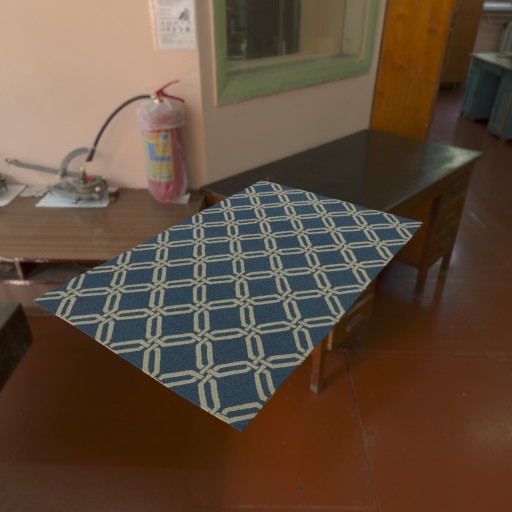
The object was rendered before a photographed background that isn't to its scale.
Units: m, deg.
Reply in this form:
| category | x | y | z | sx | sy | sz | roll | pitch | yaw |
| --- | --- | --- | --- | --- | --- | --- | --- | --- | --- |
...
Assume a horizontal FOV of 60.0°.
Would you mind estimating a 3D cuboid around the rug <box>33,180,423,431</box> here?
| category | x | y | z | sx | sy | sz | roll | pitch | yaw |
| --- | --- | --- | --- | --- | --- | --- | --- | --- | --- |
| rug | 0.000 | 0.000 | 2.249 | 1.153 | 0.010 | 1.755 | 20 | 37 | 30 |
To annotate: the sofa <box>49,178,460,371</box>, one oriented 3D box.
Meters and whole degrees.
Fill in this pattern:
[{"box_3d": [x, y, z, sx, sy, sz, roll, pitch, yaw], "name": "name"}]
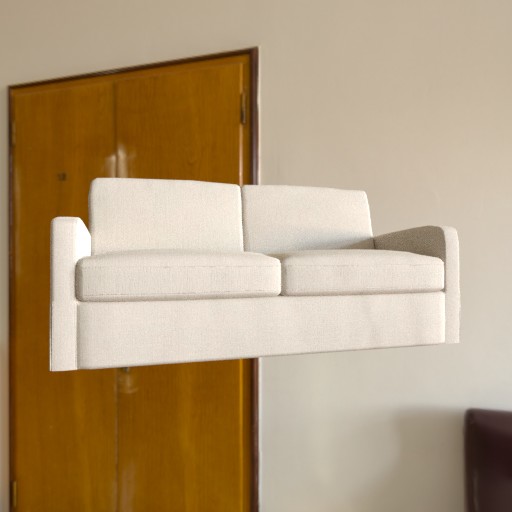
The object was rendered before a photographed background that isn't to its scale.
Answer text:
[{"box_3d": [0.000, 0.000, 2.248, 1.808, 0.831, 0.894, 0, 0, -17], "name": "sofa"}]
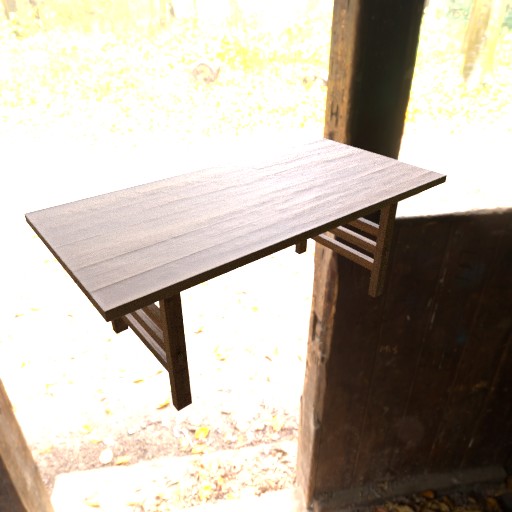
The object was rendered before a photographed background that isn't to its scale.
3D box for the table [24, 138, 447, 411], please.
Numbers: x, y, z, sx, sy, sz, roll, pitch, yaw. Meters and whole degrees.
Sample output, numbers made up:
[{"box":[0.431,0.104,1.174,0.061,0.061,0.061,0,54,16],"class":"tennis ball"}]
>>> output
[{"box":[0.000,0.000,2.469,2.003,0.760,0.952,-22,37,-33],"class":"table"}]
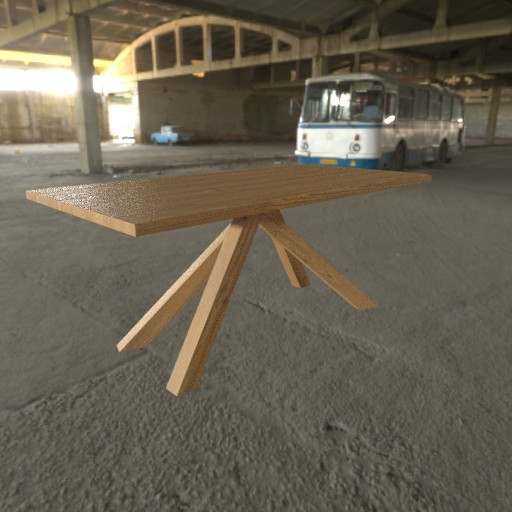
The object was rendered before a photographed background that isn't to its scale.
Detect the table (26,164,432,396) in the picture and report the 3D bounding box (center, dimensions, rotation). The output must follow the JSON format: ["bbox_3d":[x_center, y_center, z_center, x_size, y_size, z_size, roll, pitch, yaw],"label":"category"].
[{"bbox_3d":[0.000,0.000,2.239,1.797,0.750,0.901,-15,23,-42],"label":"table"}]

### WHAT YOU HAVE TO DO
Without the pictures, reproduce every line of the records above exactly.

### WRITTEN SOLUTION
The object was rendered before a photographed background that isn't to its scale.
Units: m, deg.
Reply in this form:
| category | x | y | z | sx | sy | sz | roll | pitch | yaw |
| --- | --- | --- | --- | --- | --- | --- | --- | --- | --- |
...
Assume a horizontal FOV of 60.0°.
Would you mind estimating a 3D cuboid around the rug <box>33,180,423,431</box> here?
| category | x | y | z | sx | sy | sz | roll | pitch | yaw |
| --- | --- | --- | --- | --- | --- | --- | --- | --- | --- |
| rug | 0.000 | 0.000 | 2.249 | 1.153 | 0.010 | 1.755 | 20 | 37 | 30 |
To annotate: the sofa <box>49,178,460,371</box>, one oriented 3D box.
Meters and whole degrees.
Fill in this pattern:
[{"box_3d": [x, y, z, sx, sy, sz, roll, pitch, yaw], "name": "name"}]
The object was rendered before a photographed background that isn't to its scale.
Answer text:
[{"box_3d": [0.000, 0.000, 2.248, 1.808, 0.831, 0.894, 0, 0, -17], "name": "sofa"}]
The object was rendered before a photographed background that isn't to its scale.
3D box for the table [24, 138, 447, 411], please.
Numbers: x, y, z, sx, sy, sz, roll, pitch, yaw. Meters and whole degrees.
Sample output, numbers made up:
[{"box":[0.431,0.104,1.174,0.061,0.061,0.061,0,54,16],"class":"tennis ball"}]
>>> output
[{"box":[0.000,0.000,2.469,2.003,0.760,0.952,-22,37,-33],"class":"table"}]
The object was rendered before a photographed background that isn't to its scale.
Detect the table (26,164,432,396) in the picture and report the 3D bounding box (center, dimensions, rotation). The output must follow the JSON format: ["bbox_3d":[x_center, y_center, z_center, x_size, y_size, z_size, roll, pitch, yaw],"label":"category"].
[{"bbox_3d":[0.000,0.000,2.239,1.797,0.750,0.901,-15,23,-42],"label":"table"}]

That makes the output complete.